== Prompt ==
Reproduce the following entries exactly, leaving nothing out.

== Given entries ==
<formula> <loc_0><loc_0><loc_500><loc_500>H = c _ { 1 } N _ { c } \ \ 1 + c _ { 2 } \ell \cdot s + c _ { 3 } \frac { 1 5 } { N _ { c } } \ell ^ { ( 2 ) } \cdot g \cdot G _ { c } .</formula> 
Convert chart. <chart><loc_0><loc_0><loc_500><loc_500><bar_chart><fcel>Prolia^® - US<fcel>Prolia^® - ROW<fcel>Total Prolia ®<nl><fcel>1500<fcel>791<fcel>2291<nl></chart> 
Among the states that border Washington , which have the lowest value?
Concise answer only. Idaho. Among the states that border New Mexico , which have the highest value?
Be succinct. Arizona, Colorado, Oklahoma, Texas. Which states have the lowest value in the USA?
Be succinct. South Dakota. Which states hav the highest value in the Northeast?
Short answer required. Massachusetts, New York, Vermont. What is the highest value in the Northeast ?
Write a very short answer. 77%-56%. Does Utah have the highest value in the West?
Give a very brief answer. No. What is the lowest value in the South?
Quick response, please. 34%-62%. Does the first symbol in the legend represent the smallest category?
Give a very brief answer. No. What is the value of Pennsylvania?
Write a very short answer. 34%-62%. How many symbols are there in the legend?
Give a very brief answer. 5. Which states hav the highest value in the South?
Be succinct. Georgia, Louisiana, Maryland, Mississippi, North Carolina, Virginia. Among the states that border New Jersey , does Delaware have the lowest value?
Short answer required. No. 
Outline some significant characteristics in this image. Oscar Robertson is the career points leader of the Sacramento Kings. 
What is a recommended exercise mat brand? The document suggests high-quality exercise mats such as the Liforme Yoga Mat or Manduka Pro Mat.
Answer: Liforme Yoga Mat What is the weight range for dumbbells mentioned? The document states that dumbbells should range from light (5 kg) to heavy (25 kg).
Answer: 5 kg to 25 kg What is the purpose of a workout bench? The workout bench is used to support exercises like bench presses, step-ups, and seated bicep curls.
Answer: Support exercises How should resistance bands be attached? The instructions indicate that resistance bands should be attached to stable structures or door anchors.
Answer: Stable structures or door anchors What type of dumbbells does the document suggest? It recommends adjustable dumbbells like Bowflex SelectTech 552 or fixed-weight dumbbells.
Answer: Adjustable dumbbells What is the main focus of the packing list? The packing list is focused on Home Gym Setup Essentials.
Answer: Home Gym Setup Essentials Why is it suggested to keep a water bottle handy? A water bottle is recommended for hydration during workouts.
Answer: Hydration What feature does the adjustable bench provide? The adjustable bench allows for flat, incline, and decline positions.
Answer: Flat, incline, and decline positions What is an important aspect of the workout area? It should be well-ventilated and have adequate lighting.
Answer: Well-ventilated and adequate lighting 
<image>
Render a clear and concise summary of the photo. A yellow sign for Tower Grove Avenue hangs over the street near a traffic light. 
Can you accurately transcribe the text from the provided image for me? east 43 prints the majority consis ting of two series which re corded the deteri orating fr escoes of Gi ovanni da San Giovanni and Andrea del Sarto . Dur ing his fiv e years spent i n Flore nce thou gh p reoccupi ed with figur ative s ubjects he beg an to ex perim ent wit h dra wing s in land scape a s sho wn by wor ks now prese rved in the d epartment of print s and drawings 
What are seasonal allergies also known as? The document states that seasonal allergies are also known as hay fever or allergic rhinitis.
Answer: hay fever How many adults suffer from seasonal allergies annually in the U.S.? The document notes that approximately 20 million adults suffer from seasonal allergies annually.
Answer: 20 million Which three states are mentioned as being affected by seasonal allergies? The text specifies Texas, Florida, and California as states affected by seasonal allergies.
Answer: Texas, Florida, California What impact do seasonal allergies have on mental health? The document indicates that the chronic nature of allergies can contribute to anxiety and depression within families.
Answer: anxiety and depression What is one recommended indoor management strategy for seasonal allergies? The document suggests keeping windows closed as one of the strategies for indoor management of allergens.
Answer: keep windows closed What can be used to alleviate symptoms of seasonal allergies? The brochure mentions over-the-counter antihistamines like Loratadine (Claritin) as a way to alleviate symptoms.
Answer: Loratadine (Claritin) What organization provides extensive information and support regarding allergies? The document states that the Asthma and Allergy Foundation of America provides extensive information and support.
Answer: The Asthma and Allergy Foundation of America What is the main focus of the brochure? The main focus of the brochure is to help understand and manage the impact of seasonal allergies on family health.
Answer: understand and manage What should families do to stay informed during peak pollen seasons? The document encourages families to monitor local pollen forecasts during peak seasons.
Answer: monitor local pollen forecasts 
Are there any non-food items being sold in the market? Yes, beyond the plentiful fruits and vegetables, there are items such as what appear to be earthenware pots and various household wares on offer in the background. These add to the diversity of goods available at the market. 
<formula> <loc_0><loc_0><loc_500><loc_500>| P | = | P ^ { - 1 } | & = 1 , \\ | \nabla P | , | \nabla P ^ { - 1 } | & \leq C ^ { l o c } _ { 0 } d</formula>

== Exercise result ==
<formula> <loc_0><loc_0><loc_500><loc_500>H = c _ { 1 } N _ { c } \ \ 1 + c _ { 2 } \ell \cdot s + c _ { 3 } \frac { 1 5 } { N _ { c } } \ell ^ { ( 2 ) } \cdot g \cdot G _ { c } .</formula> 
Convert chart. <chart><loc_0><loc_0><loc_500><loc_500><bar_chart><fcel>Prolia^® - US<fcel>Prolia^® - ROW<fcel>Total Prolia ®<nl><fcel>1500<fcel>791<fcel>2291<nl></chart> 
Among the states that border Washington , which have the lowest value?
Concise answer only. Idaho. Among the states that border New Mexico , which have the highest value?
Be succinct. Arizona, Colorado, Oklahoma, Texas. Which states have the lowest value in the USA?
Be succinct. South Dakota. Which states hav the highest value in the Northeast?
Short answer required. Massachusetts, New York, Vermont. What is the highest value in the Northeast ?
Write a very short answer. 77%-56%. Does Utah have the highest value in the West?
Give a very brief answer. No. What is the lowest value in the South?
Quick response, please. 34%-62%. Does the first symbol in the legend represent the smallest category?
Give a very brief answer. No. What is the value of Pennsylvania?
Write a very short answer. 34%-62%. How many symbols are there in the legend?
Give a very brief answer. 5. Which states hav the highest value in the South?
Be succinct. Georgia, Louisiana, Maryland, Mississippi, North Carolina, Virginia. Among the states that border New Jersey , does Delaware have the lowest value?
Short answer required. No. 
Outline some significant characteristics in this image. Oscar Robertson is the career points leader of the Sacramento Kings. 
What is a recommended exercise mat brand? The document suggests high-quality exercise mats such as the Liforme Yoga Mat or Manduka Pro Mat.
Answer: Liforme Yoga Mat What is the weight range for dumbbells mentioned? The document states that dumbbells should range from light (5 kg) to heavy (25 kg).
Answer: 5 kg to 25 kg What is the purpose of a workout bench? The workout bench is used to support exercises like bench presses, step-ups, and seated bicep curls.
Answer: Support exercises How should resistance bands be attached? The instructions indicate that resistance bands should be attached to stable structures or door anchors.
Answer: Stable structures or door anchors What type of dumbbells does the document suggest? It recommends adjustable dumbbells like Bowflex SelectTech 552 or fixed-weight dumbbells.
Answer: Adjustable dumbbells What is the main focus of the packing list? The packing list is focused on Home Gym Setup Essentials.
Answer: Home Gym Setup Essentials Why is it suggested to keep a water bottle handy? A water bottle is recommended for hydration during workouts.
Answer: Hydration What feature does the adjustable bench provide? The adjustable bench allows for flat, incline, and decline positions.
Answer: Flat, incline, and decline positions What is an important aspect of the workout area? It should be well-ventilated and have adequate lighting.
Answer: Well-ventilated and adequate lighting 
<image>
Render a clear and concise summary of the photo. A yellow sign for Tower Grove Avenue hangs over the street near a traffic light. 
Can you accurately transcribe the text from the provided image for me? east 43 prints the majority consis ting of two series which re corded the deteri orating fr escoes of Gi ovanni da San Giovanni and Andrea del Sarto . Dur ing his fiv e years spent i n Flore nce thou gh p reoccupi ed with figur ative s ubjects he beg an to ex perim ent wit h dra wing s in land scape a s sho wn by wor ks now prese rved in the d epartment of print s and drawings 
What are seasonal allergies also known as? The document states that seasonal allergies are also known as hay fever or allergic rhinitis.
Answer: hay fever How many adults suffer from seasonal allergies annually in the U.S.? The document notes that approximately 20 million adults suffer from seasonal allergies annually.
Answer: 20 million Which three states are mentioned as being affected by seasonal allergies? The text specifies Texas, Florida, and California as states affected by seasonal allergies.
Answer: Texas, Florida, California What impact do seasonal allergies have on mental health? The document indicates that the chronic nature of allergies can contribute to anxiety and depression within families.
Answer: anxiety and depression What is one recommended indoor management strategy for seasonal allergies? The document suggests keeping windows closed as one of the strategies for indoor management of allergens.
Answer: keep windows closed What can be used to alleviate symptoms of seasonal allergies? The brochure mentions over-the-counter antihistamines like Loratadine (Claritin) as a way to alleviate symptoms.
Answer: Loratadine (Claritin) What organization provides extensive information and support regarding allergies? The document states that the Asthma and Allergy Foundation of America provides extensive information and support.
Answer: The Asthma and Allergy Foundation of America What is the main focus of the brochure? The main focus of the brochure is to help understand and manage the impact of seasonal allergies on family health.
Answer: understand and manage What should families do to stay informed during peak pollen seasons? The document encourages families to monitor local pollen forecasts during peak seasons.
Answer: monitor local pollen forecasts 
Are there any non-food items being sold in the market? Yes, beyond the plentiful fruits and vegetables, there are items such as what appear to be earthenware pots and various household wares on offer in the background. These add to the diversity of goods available at the market. 
<formula> <loc_0><loc_0><loc_500><loc_500>| P | = | P ^ { - 1 } | & = 1 , \\ | \nabla P | , | \nabla P ^ { - 1 } | & \leq C ^ { l o c } _ { 0 } d</formula>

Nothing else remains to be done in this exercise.